Judge of the Supreme Court of Appeal
- In office 1 September 1996 – 2001
- Appointed by: Nelson Mandela

Personal details
- Born: Christel Plewman 19 March 1927 Boksburg, Transvaal Union of South Africa
- Died: 27 June 2017 (aged 90)
- Spouse: Gillian Plewman
- Education: Selborne College
- Alma mater: University of the Witwatersrand

= Chris Plewman =

South African judge (1927–2017)

Christel Plewman (19 March 1927 – 27 June 2017) was a South African judge who served in the Supreme Court of Appeal from 1996 to 2001. Formerly an advocate and Senior Counsel in Johannesburg, he also served in the Witwatersrand Local Division of the Supreme Court of South Africa.

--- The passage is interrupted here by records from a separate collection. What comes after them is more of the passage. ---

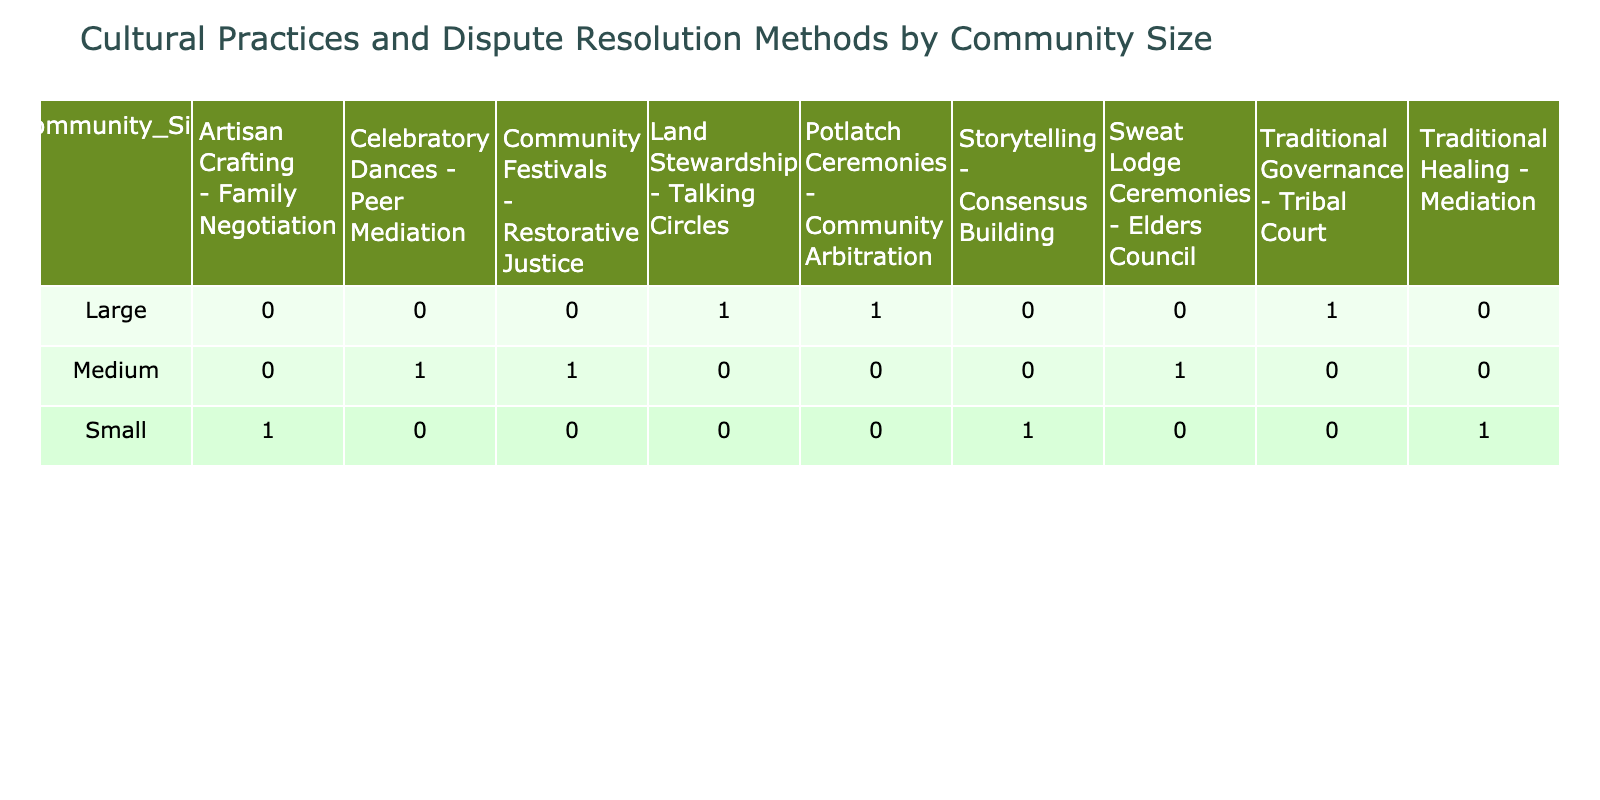What dispute resolution method is associated with the cultural practice of storytelling in small communities? From the table, the cultural practice of storytelling corresponds to the dispute resolution method of consensus building in small communities. This is directly visible in the entry for small community size where storytelling and consensus building are listed together.
Answer: Consensus building How many cultural practices are associated with large communities? By examining the entries for large communities, there are three distinct cultural practices identified: land stewardship, potlatch ceremonies, and traditional governance. Therefore, the total count of cultural practices associated with large communities is three.
Answer: 3 Is mediation used as a dispute resolution method for all community sizes? The table shows that mediation is specifically associated with small communities, linked with the cultural practice of traditional healing. There are no other instances of mediation recorded for medium or large community sizes. Hence, the answer is no, mediation is not used across all sizes.
Answer: No What is the difference in the total number of dispute resolution methods between small and medium communities? Small communities have three dispute resolution methods (consensus building, mediation, and family negotiation). Medium communities have three dispute resolution methods (elders council, peer mediation, and restorative justice). The total number of methods for both sizes is equal, resulting in a difference of zero.
Answer: 0 Which cultural practice has the most associated dispute resolution methods, and in which community size is it found? Among the cultural practices identified, each practice corresponds to only one unique dispute resolution method. Therefore, none of the cultural practices have more than one associated method, resulting in an absence of a practice with multiple methods. Thus there is no clear answer to which practice has the most.
Answer: None 
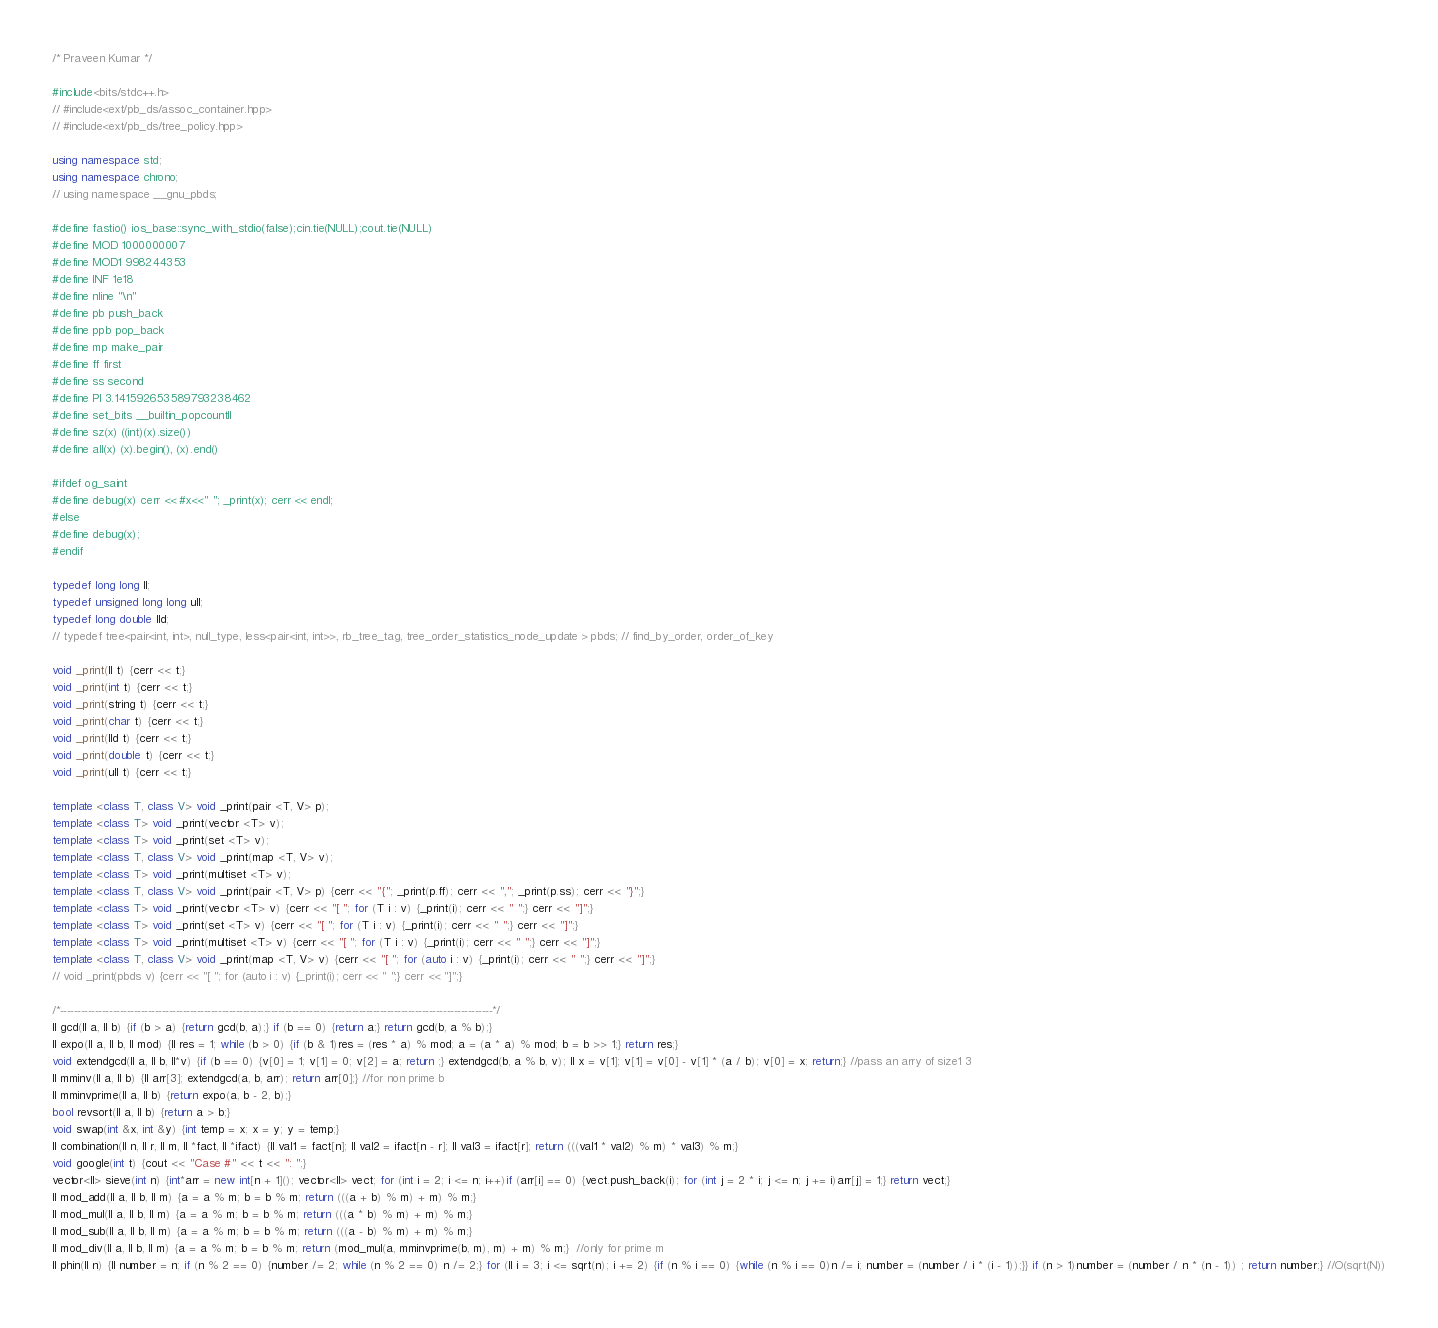<code> <loc_0><loc_0><loc_500><loc_500><_C++_>/* Praveen Kumar */

#include<bits/stdc++.h>
// #include<ext/pb_ds/assoc_container.hpp>
// #include<ext/pb_ds/tree_policy.hpp>

using namespace std;
using namespace chrono;
// using namespace __gnu_pbds;

#define fastio() ios_base::sync_with_stdio(false);cin.tie(NULL);cout.tie(NULL)
#define MOD 1000000007
#define MOD1 998244353
#define INF 1e18
#define nline "\n"
#define pb push_back
#define ppb pop_back
#define mp make_pair
#define ff first
#define ss second
#define PI 3.141592653589793238462
#define set_bits __builtin_popcountll
#define sz(x) ((int)(x).size())
#define all(x) (x).begin(), (x).end()

#ifdef og_saint
#define debug(x) cerr << #x<<" "; _print(x); cerr << endl;
#else
#define debug(x);
#endif

typedef long long ll;
typedef unsigned long long ull;
typedef long double lld;
// typedef tree<pair<int, int>, null_type, less<pair<int, int>>, rb_tree_tag, tree_order_statistics_node_update > pbds; // find_by_order, order_of_key

void _print(ll t) {cerr << t;}
void _print(int t) {cerr << t;}
void _print(string t) {cerr << t;}
void _print(char t) {cerr << t;}
void _print(lld t) {cerr << t;}
void _print(double t) {cerr << t;}
void _print(ull t) {cerr << t;}

template <class T, class V> void _print(pair <T, V> p);
template <class T> void _print(vector <T> v);
template <class T> void _print(set <T> v);
template <class T, class V> void _print(map <T, V> v);
template <class T> void _print(multiset <T> v);
template <class T, class V> void _print(pair <T, V> p) {cerr << "{"; _print(p.ff); cerr << ","; _print(p.ss); cerr << "}";}
template <class T> void _print(vector <T> v) {cerr << "[ "; for (T i : v) {_print(i); cerr << " ";} cerr << "]";}
template <class T> void _print(set <T> v) {cerr << "[ "; for (T i : v) {_print(i); cerr << " ";} cerr << "]";}
template <class T> void _print(multiset <T> v) {cerr << "[ "; for (T i : v) {_print(i); cerr << " ";} cerr << "]";}
template <class T, class V> void _print(map <T, V> v) {cerr << "[ "; for (auto i : v) {_print(i); cerr << " ";} cerr << "]";}
// void _print(pbds v) {cerr << "[ "; for (auto i : v) {_print(i); cerr << " ";} cerr << "]";}

/*---------------------------------------------------------------------------------------------------------------------------*/
ll gcd(ll a, ll b) {if (b > a) {return gcd(b, a);} if (b == 0) {return a;} return gcd(b, a % b);}
ll expo(ll a, ll b, ll mod) {ll res = 1; while (b > 0) {if (b & 1)res = (res * a) % mod; a = (a * a) % mod; b = b >> 1;} return res;}
void extendgcd(ll a, ll b, ll*v) {if (b == 0) {v[0] = 1; v[1] = 0; v[2] = a; return ;} extendgcd(b, a % b, v); ll x = v[1]; v[1] = v[0] - v[1] * (a / b); v[0] = x; return;} //pass an arry of size1 3
ll mminv(ll a, ll b) {ll arr[3]; extendgcd(a, b, arr); return arr[0];} //for non prime b
ll mminvprime(ll a, ll b) {return expo(a, b - 2, b);}
bool revsort(ll a, ll b) {return a > b;}
void swap(int &x, int &y) {int temp = x; x = y; y = temp;}
ll combination(ll n, ll r, ll m, ll *fact, ll *ifact) {ll val1 = fact[n]; ll val2 = ifact[n - r]; ll val3 = ifact[r]; return (((val1 * val2) % m) * val3) % m;}
void google(int t) {cout << "Case #" << t << ": ";}
vector<ll> sieve(int n) {int*arr = new int[n + 1](); vector<ll> vect; for (int i = 2; i <= n; i++)if (arr[i] == 0) {vect.push_back(i); for (int j = 2 * i; j <= n; j += i)arr[j] = 1;} return vect;}
ll mod_add(ll a, ll b, ll m) {a = a % m; b = b % m; return (((a + b) % m) + m) % m;}
ll mod_mul(ll a, ll b, ll m) {a = a % m; b = b % m; return (((a * b) % m) + m) % m;}
ll mod_sub(ll a, ll b, ll m) {a = a % m; b = b % m; return (((a - b) % m) + m) % m;}
ll mod_div(ll a, ll b, ll m) {a = a % m; b = b % m; return (mod_mul(a, mminvprime(b, m), m) + m) % m;}  //only for prime m
ll phin(ll n) {ll number = n; if (n % 2 == 0) {number /= 2; while (n % 2 == 0) n /= 2;} for (ll i = 3; i <= sqrt(n); i += 2) {if (n % i == 0) {while (n % i == 0)n /= i; number = (number / i * (i - 1));}} if (n > 1)number = (number / n * (n - 1)) ; return number;} //O(sqrt(N))</code> 
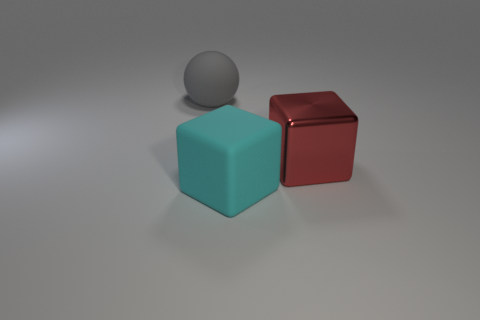Is there a small blue cylinder?
Ensure brevity in your answer.  No. Are there any other things that have the same shape as the gray matte thing?
Your answer should be compact. No. Is the number of shiny objects that are in front of the ball greater than the number of small yellow rubber blocks?
Provide a succinct answer. Yes. Are there any big cubes in front of the metal thing?
Provide a succinct answer. Yes. Do the metallic block and the cyan matte block have the same size?
Offer a terse response. Yes. What size is the other object that is the same shape as the red thing?
Keep it short and to the point. Large. Are there any other things that have the same size as the shiny object?
Give a very brief answer. Yes. The object that is behind the cube behind the big rubber cube is made of what material?
Offer a very short reply. Rubber. Is the cyan thing the same shape as the large gray matte object?
Provide a short and direct response. No. How many big things are both behind the cyan matte thing and to the right of the rubber ball?
Offer a very short reply. 1.

== Early life and legal career ==
Plewman was born in Boksburg. He matriculated at Selborne College in East London in 1944 and went on to the University of the Witwatersrand, where he completed a BCom in 1948 and an LLB in 1951.

== Legal career ==
Plewman joined the Johannesburg Bar in 1952. During the first two decades of his career, he served as junior counsel in several prominent criminal trials, with clients including Barend van Niekerk (under Sydney Kentridge) and the Treason Trial defendants (under Isie Maisels). However, after taking silk in June 1972, he developed a commercial law practice, focusing primarily on intellectual property and patent law. He also represented the Bar on the government committees which drafted the Patents Act and Copyright Act of 1978.

== Judicial career ==
In 1991, Plewman accepted appointment as a judge of the Witwatersrand Local Division of the Supreme Court of South Africa. On 1 September 1996, he was elevated to the Supreme Court's Appellate Division (later the Supreme Court of Appeal), where he was viewed as an authority on intellectual property jurisprudence. He also succeeded Frikkie Eloff as chairman of the board of Legal Aid until September 1998, when he was replaced by Mahomed Navsa.

== Retirement and personal life ==
Plewman retired from the judiciary in 2001. However, he continued to work as an arbitrator and to serve as an acting judge in the Botswana and Lesotho Courts of Appeal. He died on 27 June 2017 at the age of 90.

He was married to Gillian Plewman and had three children, named Nicholas, Thomas, and Lisa.